● Goal of the exercise
Skip the images and return the records below exactly.

(Data extracted from a collection)

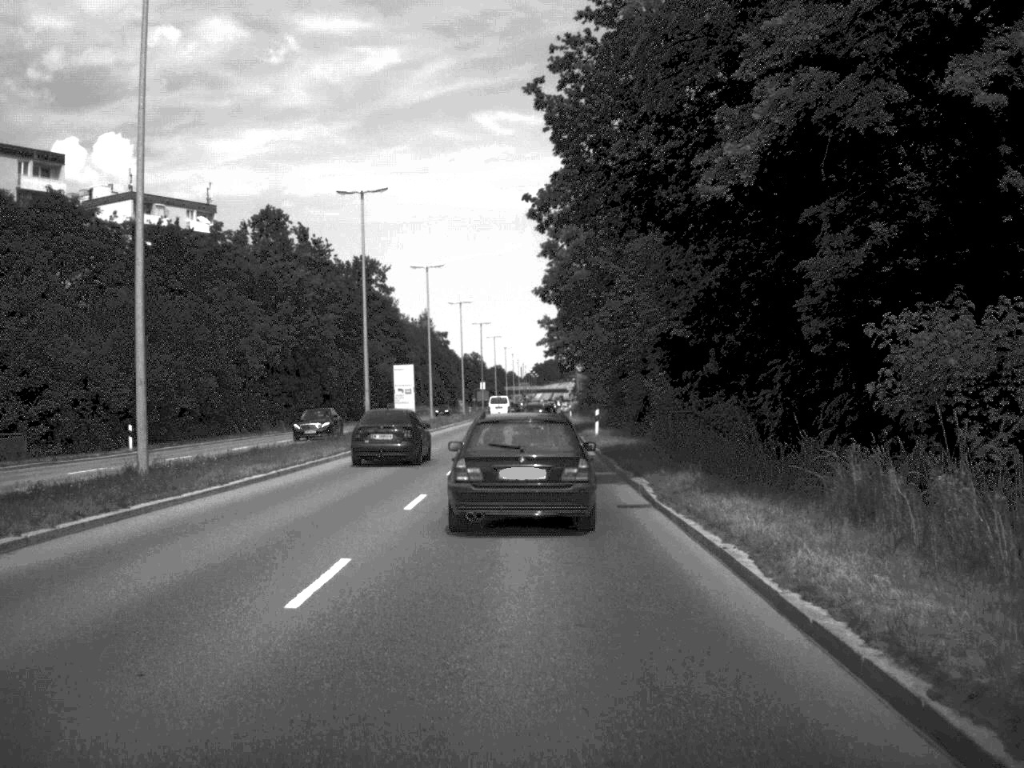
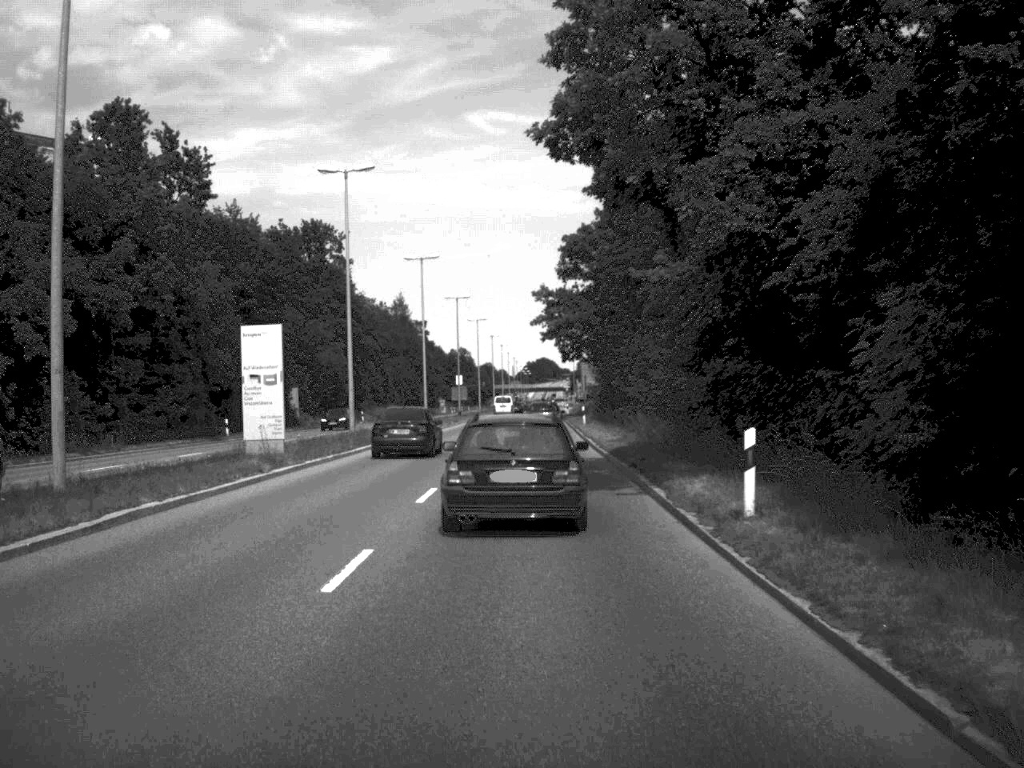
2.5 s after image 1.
(+0.1, +34.1) m; 0°
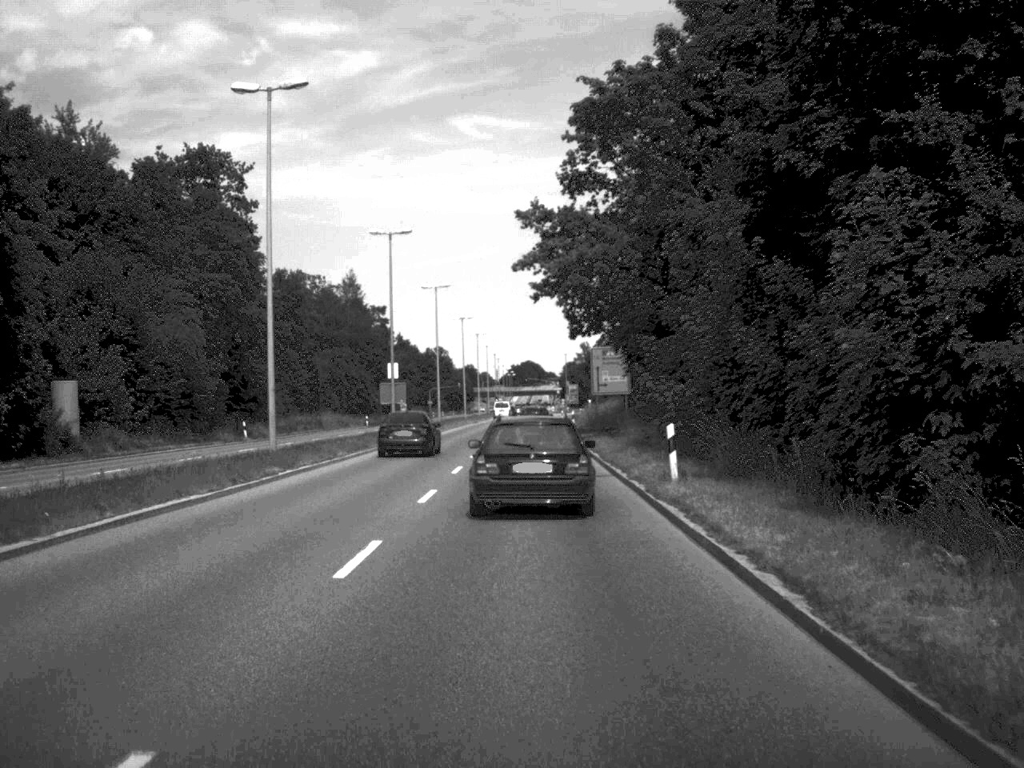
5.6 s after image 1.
(+0.2, +43.1) m; +1°
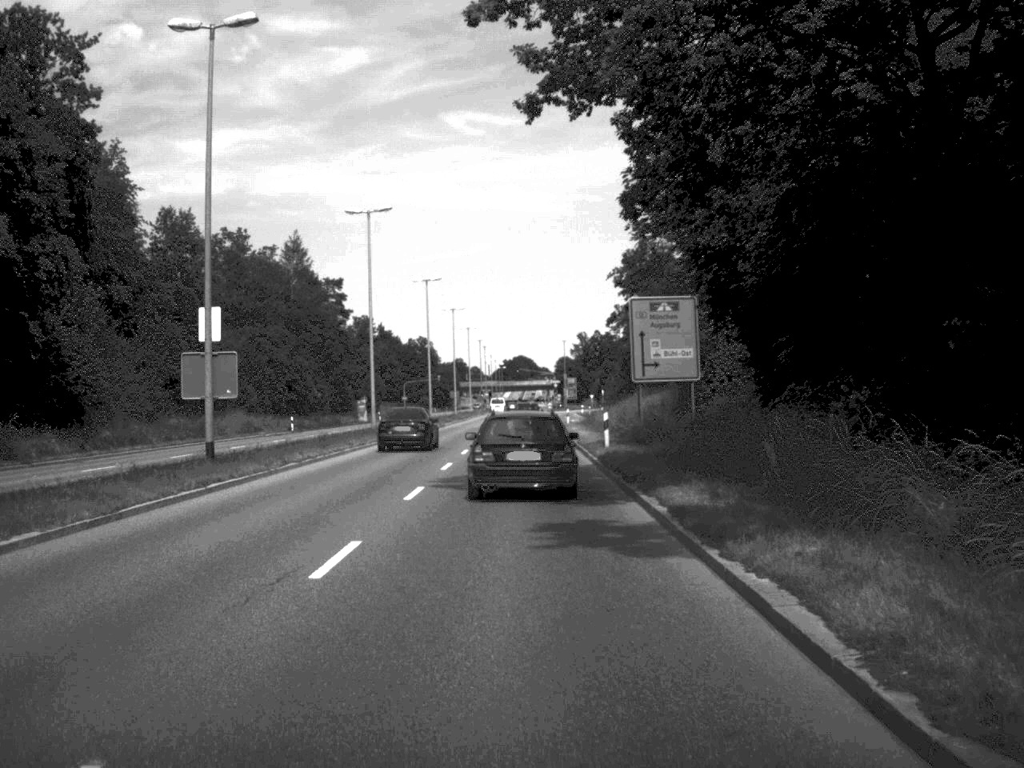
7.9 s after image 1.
(+0.2, +35.4) m; 0°
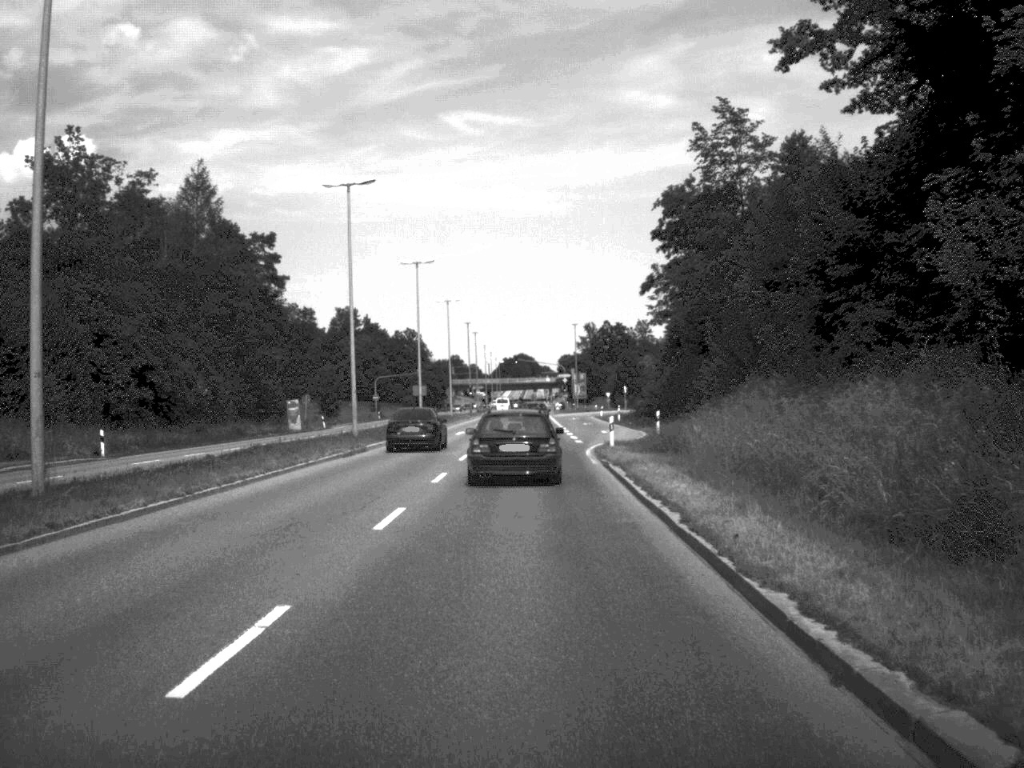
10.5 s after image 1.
(-0.1, +39.8) m; 0°
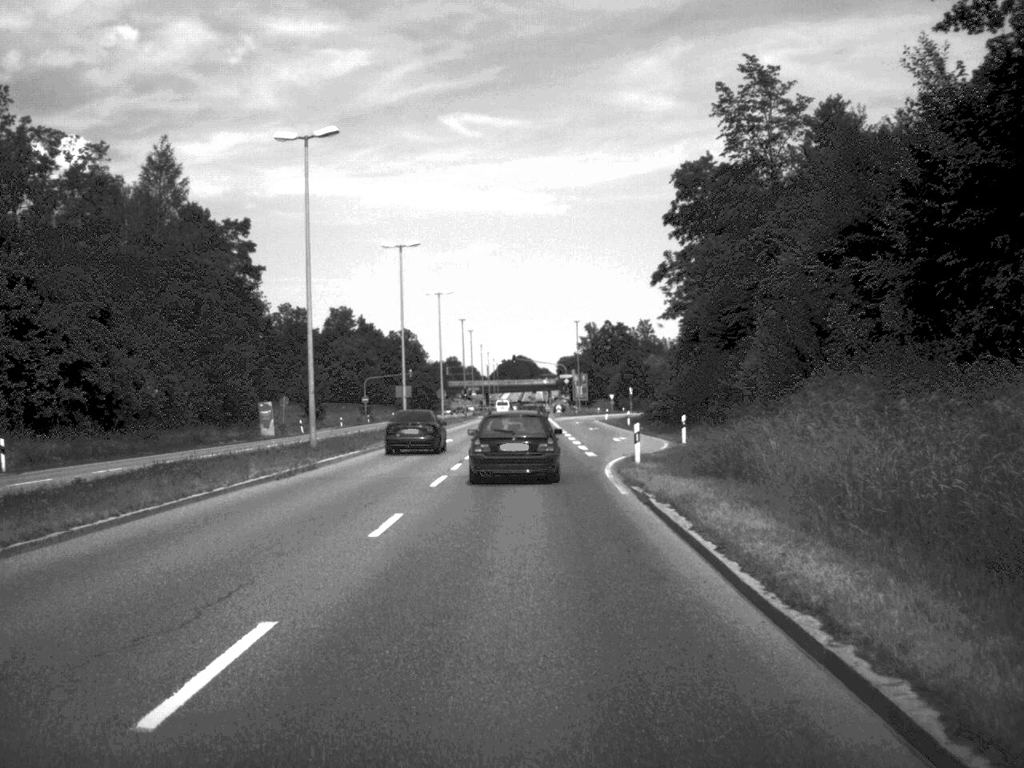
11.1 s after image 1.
(0.0, +9.5) m; 0°
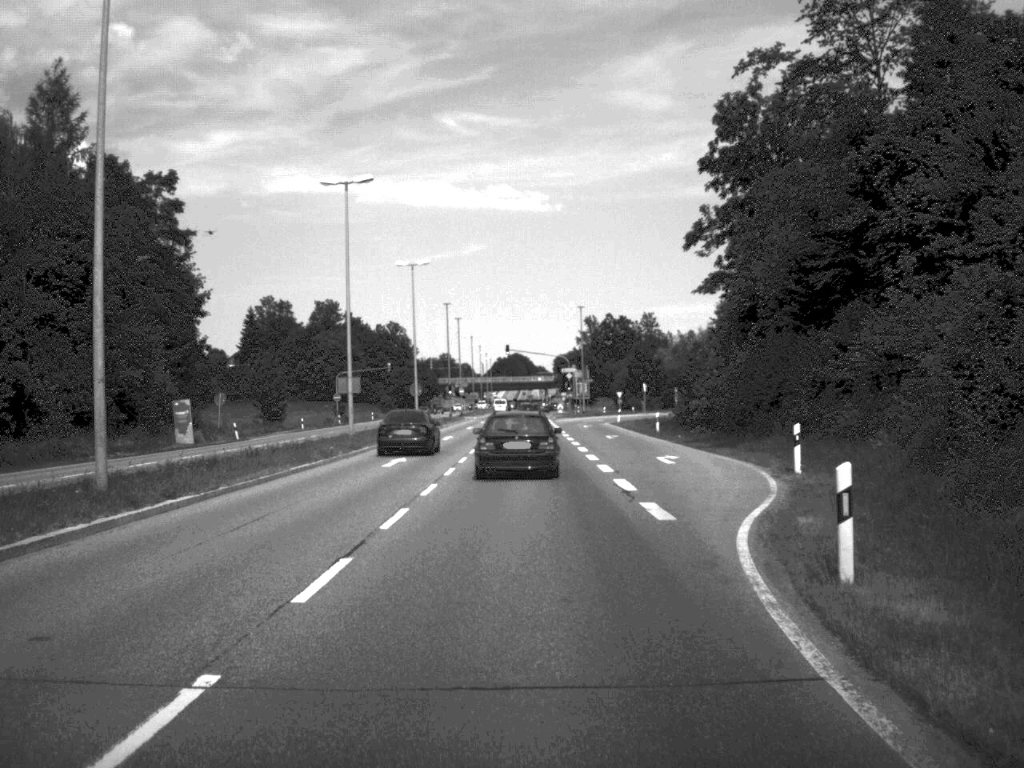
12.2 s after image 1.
(0.0, +19.9) m; 0°

● Answer to this exercise
2.5 s after image 1.
(+0.1, +34.1) m; 0°
5.6 s after image 1.
(+0.2, +43.1) m; +1°
7.9 s after image 1.
(+0.2, +35.4) m; 0°
10.5 s after image 1.
(-0.1, +39.8) m; 0°
11.1 s after image 1.
(0.0, +9.5) m; 0°
12.2 s after image 1.
(0.0, +19.9) m; 0°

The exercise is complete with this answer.